→ What you have to do
Repeat the following entries verbatim, apart from the pictures.
┌─ Data to examine
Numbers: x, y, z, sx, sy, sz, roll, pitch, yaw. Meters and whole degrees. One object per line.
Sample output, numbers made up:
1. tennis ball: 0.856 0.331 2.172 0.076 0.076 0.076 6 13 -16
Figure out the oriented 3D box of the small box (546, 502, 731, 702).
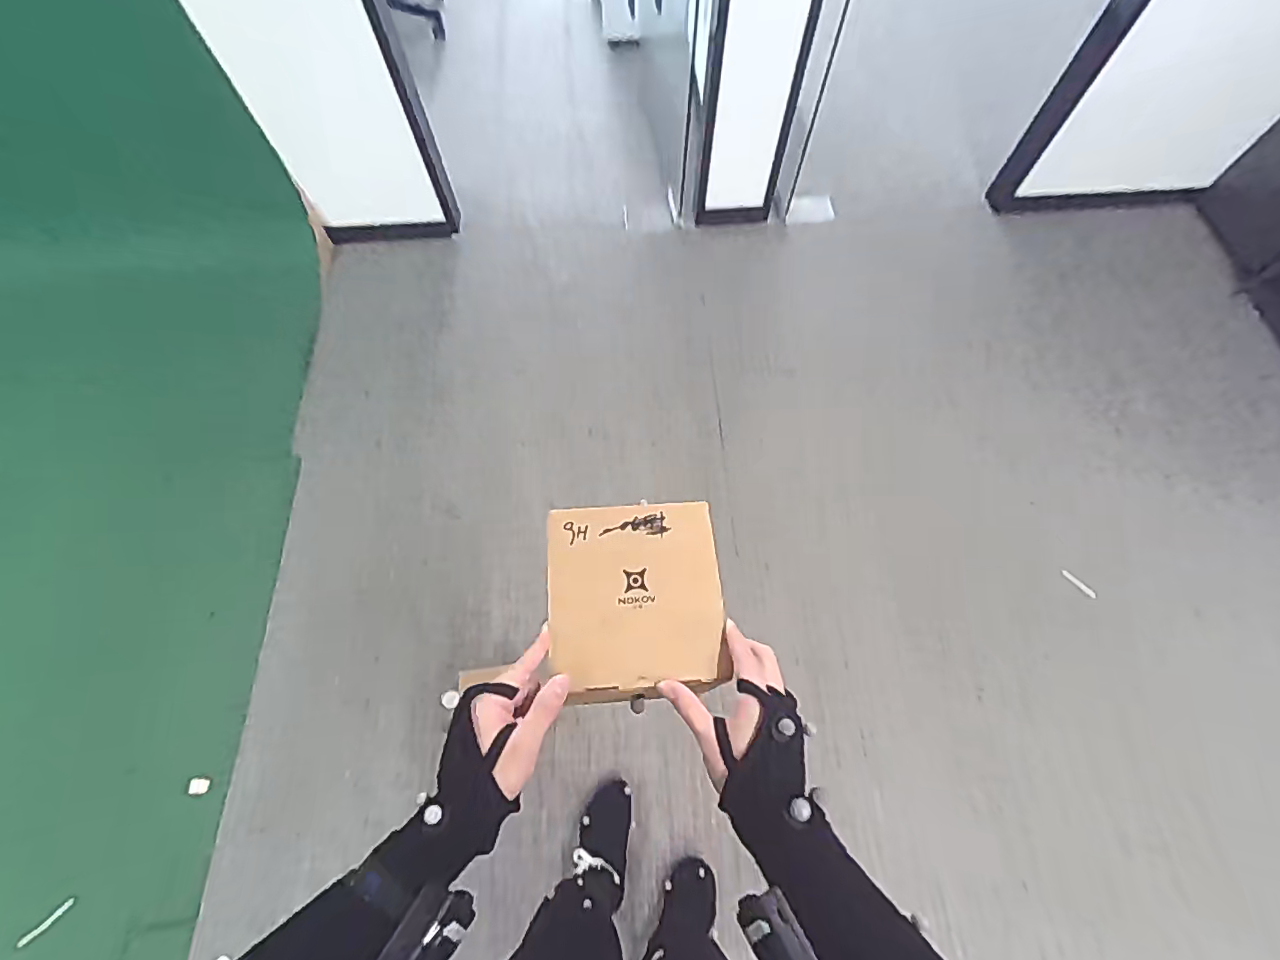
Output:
└─
→ Output of the task
Numbers: x, y, z, sx, sy, sz, roll, pitch, yaw. Meters and whole degrees. One object per line.
Sample output, numbers made up:
1. tennis ball: 0.856 0.331 2.172 0.076 0.076 0.076 6 13 -16
Figure out the oriented 3D box of the small box (546, 502, 731, 702).
Output:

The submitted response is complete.